Work to be completed:
Scan the records for "track" and copy each line that contains it.

Collection entries:
——

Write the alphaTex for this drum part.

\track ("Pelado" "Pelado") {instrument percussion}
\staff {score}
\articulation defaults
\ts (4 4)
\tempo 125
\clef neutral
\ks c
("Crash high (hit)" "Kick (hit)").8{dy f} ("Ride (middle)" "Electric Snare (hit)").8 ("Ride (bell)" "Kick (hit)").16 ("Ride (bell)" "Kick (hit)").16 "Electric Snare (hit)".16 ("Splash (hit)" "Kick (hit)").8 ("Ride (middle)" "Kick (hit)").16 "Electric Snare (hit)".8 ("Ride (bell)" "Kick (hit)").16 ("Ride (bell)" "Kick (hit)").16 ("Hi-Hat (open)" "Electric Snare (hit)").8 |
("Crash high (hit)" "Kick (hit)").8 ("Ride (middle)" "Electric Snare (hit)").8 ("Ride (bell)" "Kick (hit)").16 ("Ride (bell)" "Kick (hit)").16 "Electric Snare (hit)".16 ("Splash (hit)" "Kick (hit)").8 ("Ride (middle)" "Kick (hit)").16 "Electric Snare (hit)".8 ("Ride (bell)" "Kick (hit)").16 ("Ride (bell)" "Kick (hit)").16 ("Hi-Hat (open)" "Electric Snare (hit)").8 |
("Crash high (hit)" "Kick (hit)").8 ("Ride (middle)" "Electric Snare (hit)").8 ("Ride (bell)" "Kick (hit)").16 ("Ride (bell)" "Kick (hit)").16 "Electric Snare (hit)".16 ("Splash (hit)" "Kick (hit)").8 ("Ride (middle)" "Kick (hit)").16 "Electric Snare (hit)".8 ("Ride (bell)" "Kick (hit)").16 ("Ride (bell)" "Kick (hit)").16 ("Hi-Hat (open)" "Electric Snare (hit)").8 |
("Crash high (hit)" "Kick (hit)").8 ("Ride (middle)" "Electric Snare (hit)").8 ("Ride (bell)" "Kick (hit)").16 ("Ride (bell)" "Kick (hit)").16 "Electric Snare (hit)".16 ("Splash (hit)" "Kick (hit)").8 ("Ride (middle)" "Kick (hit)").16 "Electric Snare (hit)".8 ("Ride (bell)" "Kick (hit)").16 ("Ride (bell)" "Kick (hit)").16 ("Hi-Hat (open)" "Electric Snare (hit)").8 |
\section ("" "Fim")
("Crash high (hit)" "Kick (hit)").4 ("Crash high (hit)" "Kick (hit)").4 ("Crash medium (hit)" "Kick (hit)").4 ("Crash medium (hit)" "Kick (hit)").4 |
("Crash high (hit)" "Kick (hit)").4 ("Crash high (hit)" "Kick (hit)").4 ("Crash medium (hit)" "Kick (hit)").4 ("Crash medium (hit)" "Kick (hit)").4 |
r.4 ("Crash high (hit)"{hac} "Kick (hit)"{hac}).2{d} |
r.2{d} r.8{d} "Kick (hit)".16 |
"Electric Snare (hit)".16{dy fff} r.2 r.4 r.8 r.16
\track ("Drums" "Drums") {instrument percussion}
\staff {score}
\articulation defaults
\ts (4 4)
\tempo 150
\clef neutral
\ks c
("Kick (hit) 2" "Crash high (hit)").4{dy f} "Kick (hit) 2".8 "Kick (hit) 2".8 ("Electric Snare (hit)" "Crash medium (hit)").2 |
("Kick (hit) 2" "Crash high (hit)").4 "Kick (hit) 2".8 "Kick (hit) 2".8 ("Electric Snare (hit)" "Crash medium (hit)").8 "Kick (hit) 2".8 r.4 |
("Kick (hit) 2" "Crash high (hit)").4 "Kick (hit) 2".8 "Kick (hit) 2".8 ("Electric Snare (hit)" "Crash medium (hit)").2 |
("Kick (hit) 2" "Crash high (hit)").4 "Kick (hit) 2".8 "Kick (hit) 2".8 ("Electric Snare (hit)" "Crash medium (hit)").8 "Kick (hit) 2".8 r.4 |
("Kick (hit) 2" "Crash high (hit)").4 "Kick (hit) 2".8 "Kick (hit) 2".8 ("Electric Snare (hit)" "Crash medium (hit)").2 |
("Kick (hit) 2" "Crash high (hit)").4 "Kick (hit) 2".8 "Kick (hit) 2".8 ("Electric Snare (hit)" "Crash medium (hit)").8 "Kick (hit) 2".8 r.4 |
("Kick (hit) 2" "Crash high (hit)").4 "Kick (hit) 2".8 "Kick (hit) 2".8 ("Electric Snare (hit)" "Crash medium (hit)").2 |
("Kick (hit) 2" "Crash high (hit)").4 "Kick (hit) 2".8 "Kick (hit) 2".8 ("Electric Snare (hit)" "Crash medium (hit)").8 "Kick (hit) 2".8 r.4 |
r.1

——

Solution:
\track ("Pelado" "Pelado") {instrument percussion}
\track ("Drums" "Drums") {instrument percussion}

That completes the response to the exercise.